(Work task)
Give back the data below word for word. Any image in it should be left out.

(Given information)
▶
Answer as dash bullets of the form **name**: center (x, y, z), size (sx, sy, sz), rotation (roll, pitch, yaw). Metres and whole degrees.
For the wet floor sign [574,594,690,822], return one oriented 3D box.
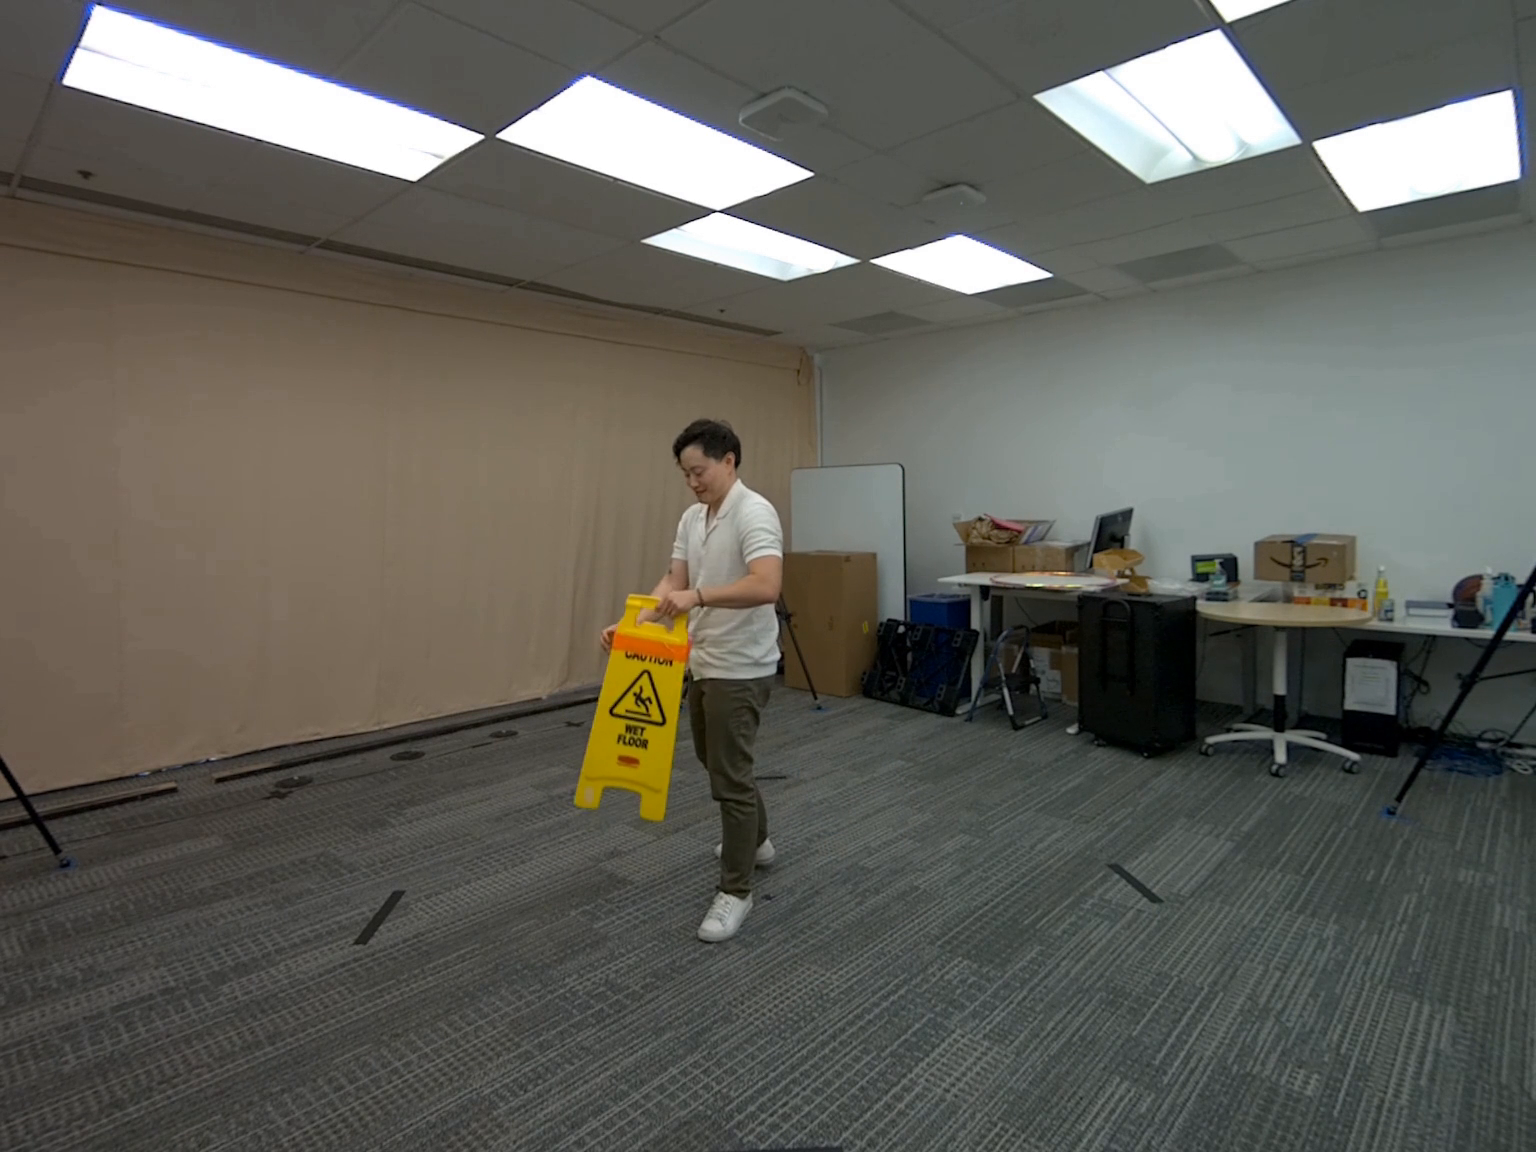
- **wet floor sign**: center (-0.396, 0.391, 2.666), size (0.283, 0.644, 0.290), rotation (11, 6, 0)
◀
(Solution to this exercise)
Answer as dash bullets of the form **name**: center (x, y, z), size (sx, sy, sz), rotation (roll, pitch, yaw). Metres and whole degrees.
For the wet floor sign [574,594,690,822], return one oriented 3D box.
- **wet floor sign**: center (-0.396, 0.391, 2.666), size (0.283, 0.644, 0.290), rotation (11, 6, 0)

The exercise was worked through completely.